EDIT: I am now on week 2. This course feels rushed and he doesn't take the time to clarify confusing issues - for example, when he first introduces how to learn word embeddings he calls the neural network you use a "language model" even though the network bears no resemblance to the language model we learned in week 1. This really confused me and he doesn't address this point. Also, he variously describes the embeddings as the "input" and the "parameters" of this neural network, even though those are clearly two different things. There are more issues where that came from.

Unlike all of his previous courses, I've found myself needing to go to Wikipedia and Google to try to fill in various holes in the presentations here.

Also, there is essentially no help on the forums. That isn't the reason for my low rating, since for a cheap course I didn't expect much. Still, it would have been nice if they had tried to do a little bit more there.

by Ramon R

2018年5月8日

Unlike the other courses which Andrew Ng provides, this one contains many spelling mistakes in the programming assignment, the programming assignments are less structured and understandable (missing or wrong information in nearly every assignment) and an introduction to keras is missing. I found it great that the keras framework is an important component of this course, but unlike the tensorflow introduction it is missing here.

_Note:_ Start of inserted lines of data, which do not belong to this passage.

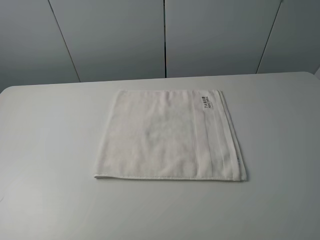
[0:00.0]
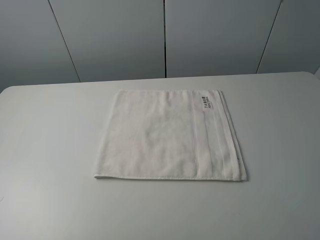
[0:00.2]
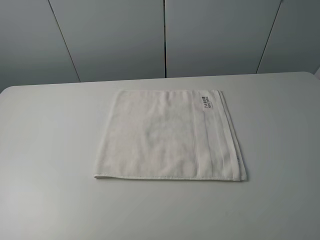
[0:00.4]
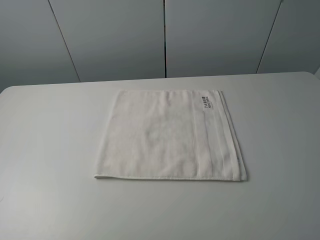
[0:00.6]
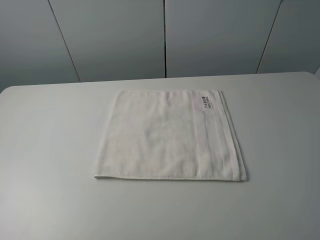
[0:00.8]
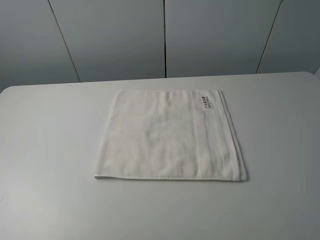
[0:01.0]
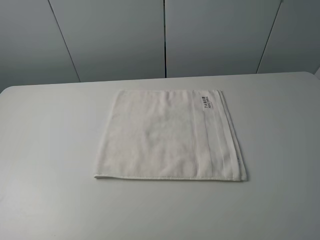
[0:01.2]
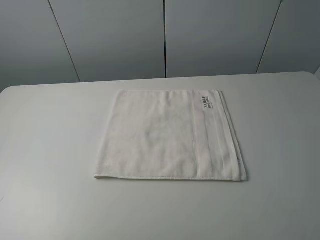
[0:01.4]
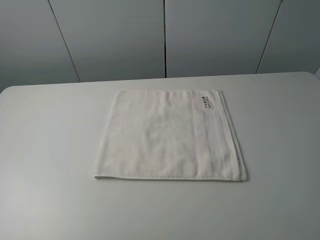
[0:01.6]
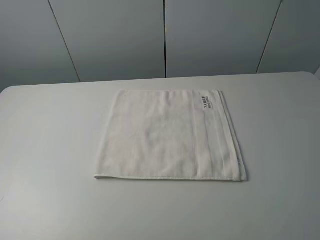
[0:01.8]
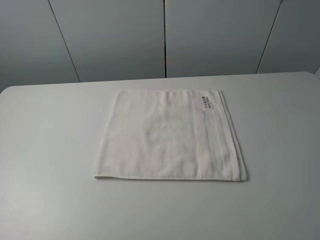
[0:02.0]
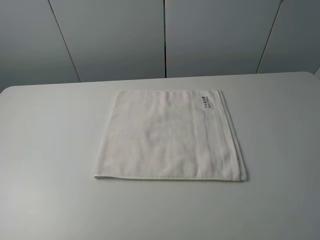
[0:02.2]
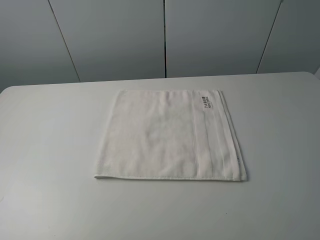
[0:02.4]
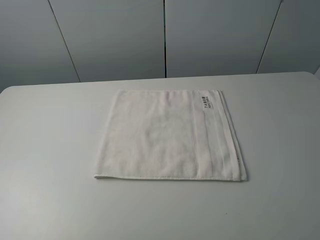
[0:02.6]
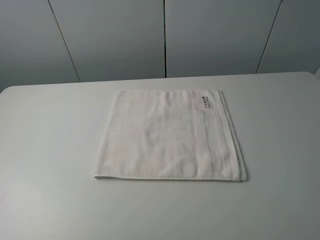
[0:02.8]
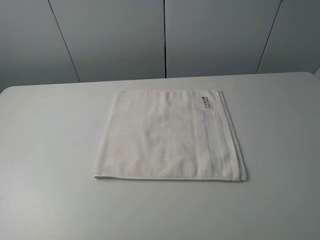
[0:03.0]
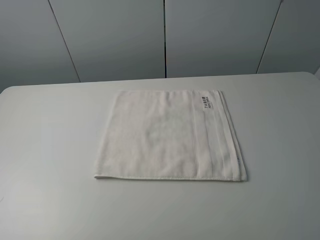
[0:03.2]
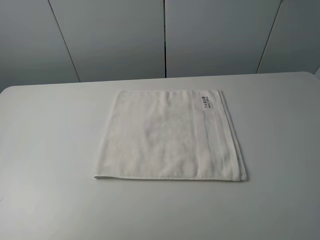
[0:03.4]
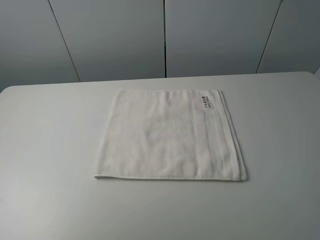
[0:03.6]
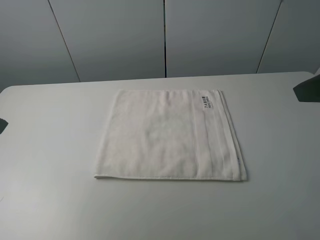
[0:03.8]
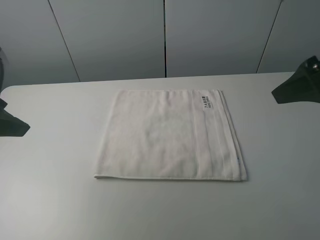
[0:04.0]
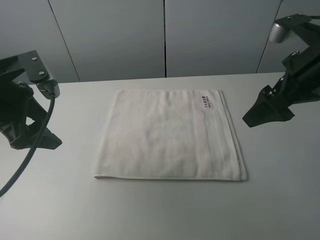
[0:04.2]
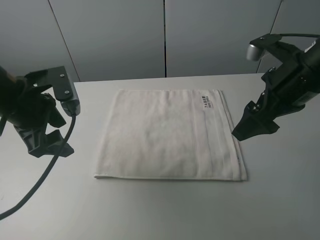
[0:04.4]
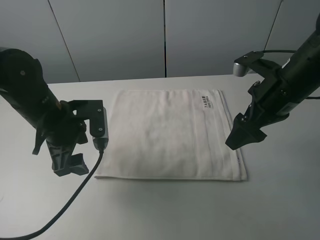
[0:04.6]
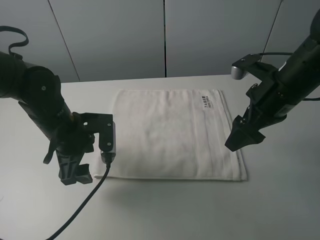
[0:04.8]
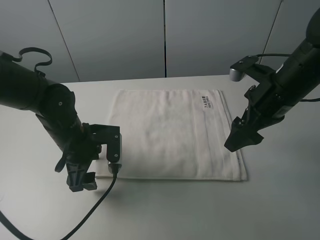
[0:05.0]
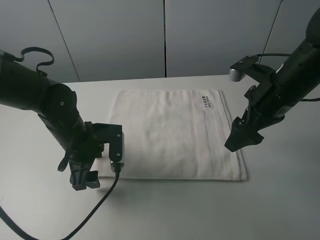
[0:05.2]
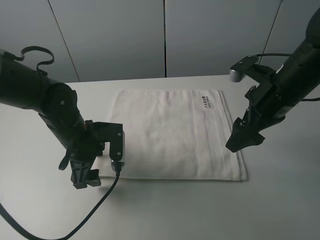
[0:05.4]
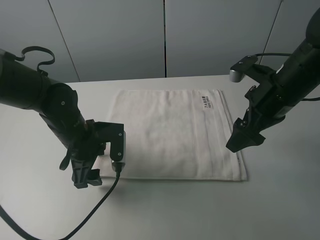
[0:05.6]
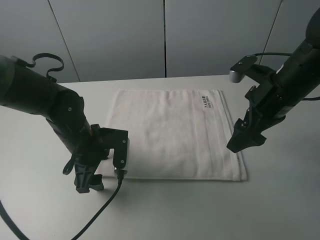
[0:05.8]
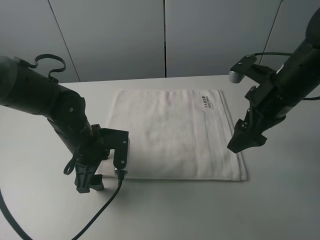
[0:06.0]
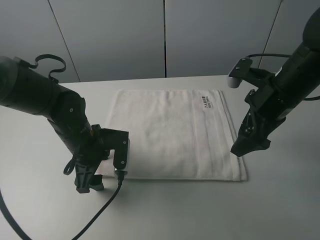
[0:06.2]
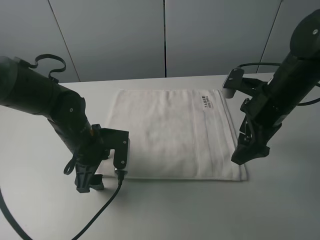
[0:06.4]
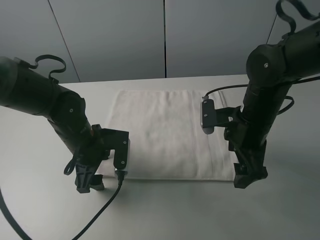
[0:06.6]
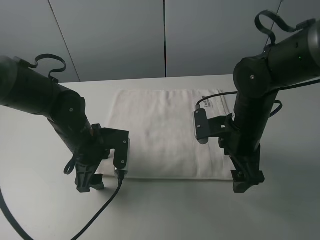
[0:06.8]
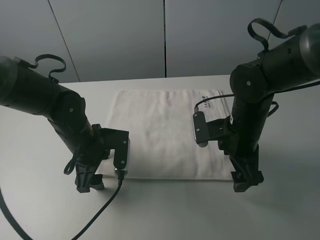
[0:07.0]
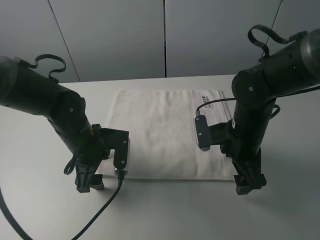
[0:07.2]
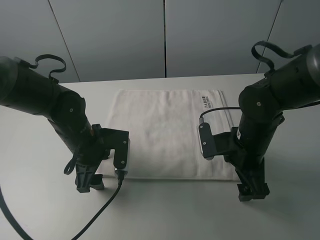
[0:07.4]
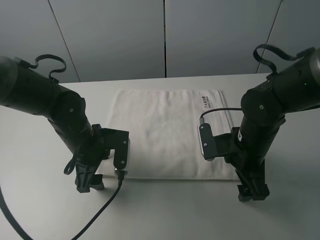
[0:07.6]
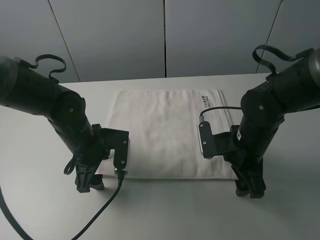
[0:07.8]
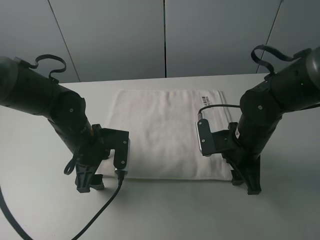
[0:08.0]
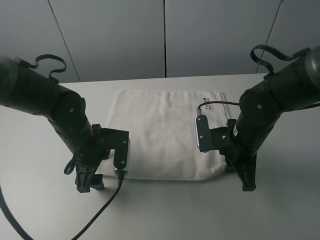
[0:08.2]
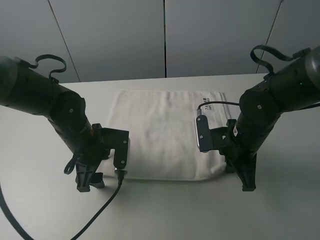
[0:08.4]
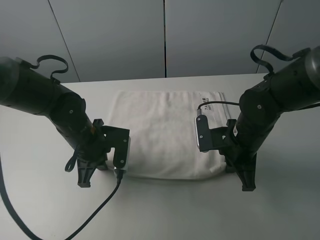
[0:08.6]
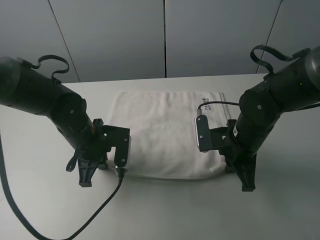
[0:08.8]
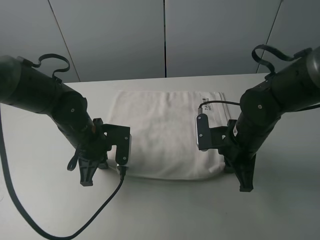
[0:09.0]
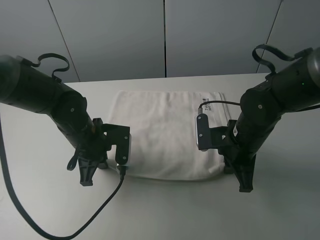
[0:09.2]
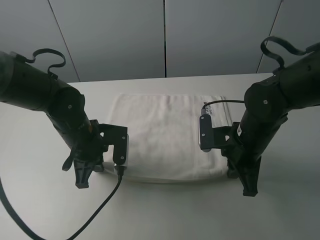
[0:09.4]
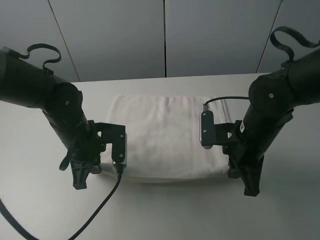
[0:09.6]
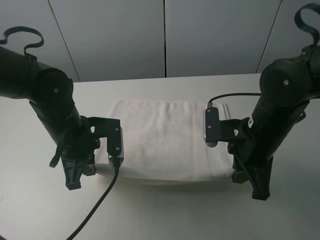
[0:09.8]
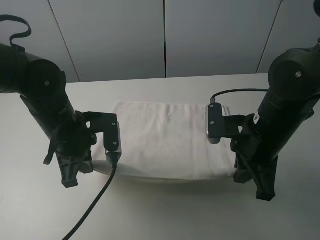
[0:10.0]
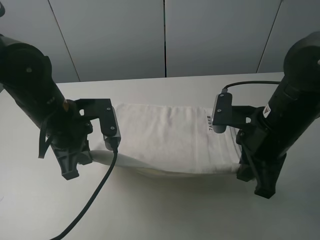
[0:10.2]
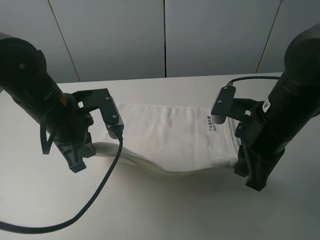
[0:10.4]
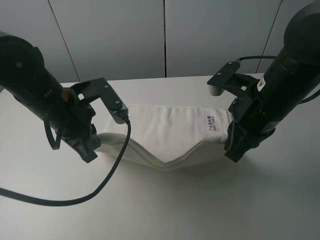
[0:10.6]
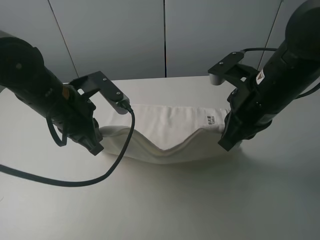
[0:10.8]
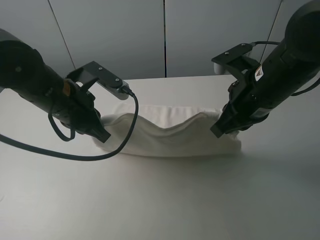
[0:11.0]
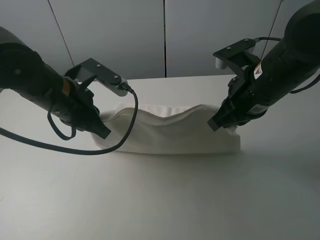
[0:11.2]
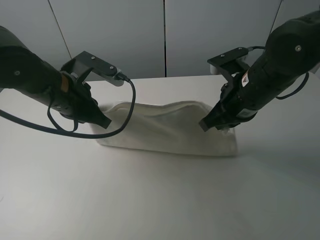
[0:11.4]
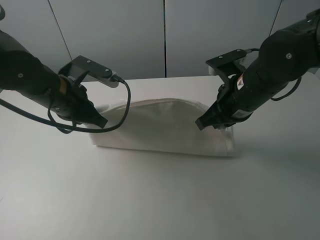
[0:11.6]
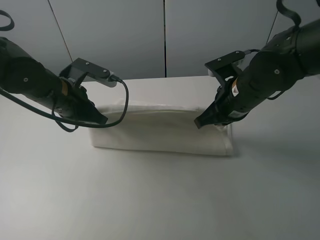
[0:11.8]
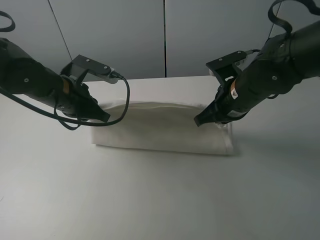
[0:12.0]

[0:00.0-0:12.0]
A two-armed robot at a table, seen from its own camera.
Task of the whole recording: fold the towels on the table.
Step, 0.0 to 8.2 s: Grasp the white towel with the right gripper.
Step, 8.4 to 8.8 s: Grasp the white towel with the left gripper.
0.0 to 1.6 s: Both grippers stay put.
3.0 to 4.4 s: The right gripper moves forward, some 25 cm, while the left gripper travels forward and to the right by about 25 cm.
4.4 to 6.0 s: The left gripper shifts roughly 15 cm downward and to the right.
6.0 to 7.6 s: The right gripper heads downward, covering about 10 cm.
7.6 to 9.0 s: The left gripper closes its fingers. Meanwhile the right gripper closes its fingers.
9.0 to 10.4 s: The grippers both shift upward by roughly 10 cm.
10.4 to 12.0 s: Both grippers move forward, about 5 cm.

It is frustrating, when you might have the right functions but no information how to input and determine the correct variables for the functions. Anyway I found the outline of the course very good as it gives a good overview of many methods and how they work. To my mind the consistency of the assignments and also the story telling needs to be improved to reach the level of other courses where Andrew is involved. It appeared more chaotic and the complexity of the algorithms is overwhelming, so a better introduction to how they work, might be appealing. In the end, I worked through it and I gained a basic understanding of keras and RNN algorithms. So it was definitely worth it.